Cependant, ce qui est passé n'est qu'un prologue, et l'histoire centrale apparente n'intervient que lorsque nous sommes bien avancés dans le film. Alors qu'il traque les ennemis de l'État, Léo est chargé de dissimuler le meurtre d'un jeune garçon près de la voie ferrée. L'enfant a été noyé et découpé avec une précision chirurgicale, mais la Russie de Staline ne croit pas au meurtre – un tel crime capitaliste n'a pas sa place dans le paradis des travailleurs – donc la mort est considérée comme un accident. Il en va de même pour celui d’après. Léo le bon soldat se prête à la ruse. Et, en réalité, le film aussi – car il semble plus intéressé par les soupçons de Raisa pour ses activités contre-révolutionnaires et par la paranoïa cannibale de l’appareil de sécurité de l’État, dont la monnaie même est la suspicion. Ce n'est qu'après que lui et sa femme se soient eux-mêmes exilés dans la friche industrielle de Volsk que Léo commence à prendre conscience de l'ampleur de ces meurtres et commence à enquêter.
Mais il y a tellement plus à jouer dansEnfant 44.Il y a l'officier dément (joué par Joel Kinnaman, faisant un travail solide en tant que psychopathe à la voix douce) qui refuse d'arrêter de poursuivre Leo et Raisa, en partie à cause de son obsession pour ces derniers. Il y a le général de Volsk (Gary Oldman) qui est lui-même tiraillé entre son devoir envers l'État et son devoir de père. Il y a une intrigue secondaire sur la persécution des homosexuels en URSS. Jason Clarke apparaît brièvement, se bat et est abattu. Vincent Cassel est là aussi, comme l'un des tortionnaires de Staline. Et puis il y a le tueur lui-même, qui partage certaines similitudes avec Leo – des similitudes que le film utilise pour faire valoir un point plus large et forcé sur les enfants perdus et retrouvés. Le film trouve même le temps pour certaines scènes d'action inutiles - en particulier, une mêlée horrible et incohérente dans un wagon et un dernier combat de boue idiot.
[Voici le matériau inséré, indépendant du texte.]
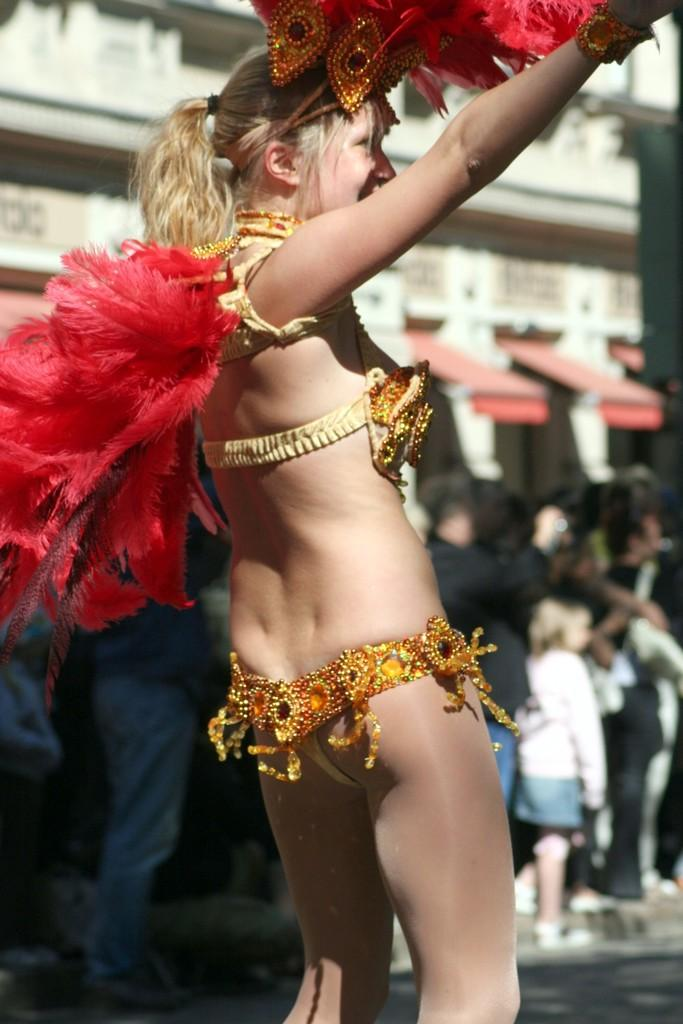What is the woman in the image doing? The woman is dancing in the image. What is the woman holding while dancing? The woman is holding feathers. Can you describe the setting of the image? There are many people in the background of the image, and there is a road at the bottom of the image. What type of rod can be seen in the aftermath of the woman's dance in the image? There is no rod or any aftermath of the woman's dance present in the image.

Il y a tellement d'autres choses ici que l'enquête proprement dite sur les meurtres d'enfants semble être une réflexion après coup, alors qu'elle aurait dû servir de colonne vertébrale autour de laquelle ces autres éléments narratifs pourraient être construits et développés. Au lieu de cela, le film le traite comme une nuisance.
Je ne pense pas que le scénario de Price puisse être critiqué ici, même si je n'en suis pas sûr. C'est une adaptation fidèle, et elle veut clairement être plus qu'un meurtre-mystère. Mais ses ambitions romanesques ne correspondent absolument pas à la mise en scène frénétique d'Espinosa, qui n'a ni l'œil ni la patience nécessaires pour concentrer notre attention ou faire allusion à un véritable sous-texte. Le réalisateur sert principalement à précipiter les choses, ce qui serait bien s'il avait un raccourci narratif. Au lieu de cela, nous avons parfois l'impression de regarder une bande-annonce de plus de deux heures pour un film plus long et meilleur qui aurait pu réussir à jongler avec tous ces divers éléments. Une histoire aussi dense en incidents, personnages et histoire a besoin de respirer un peu - pensezLa vie des autres, ouZodiaque- maisEnfant 44n'a pas de rythme. C'est brutal, précipité et dispersé. Vous êtes épuisé, ennuyé et confus à la fois.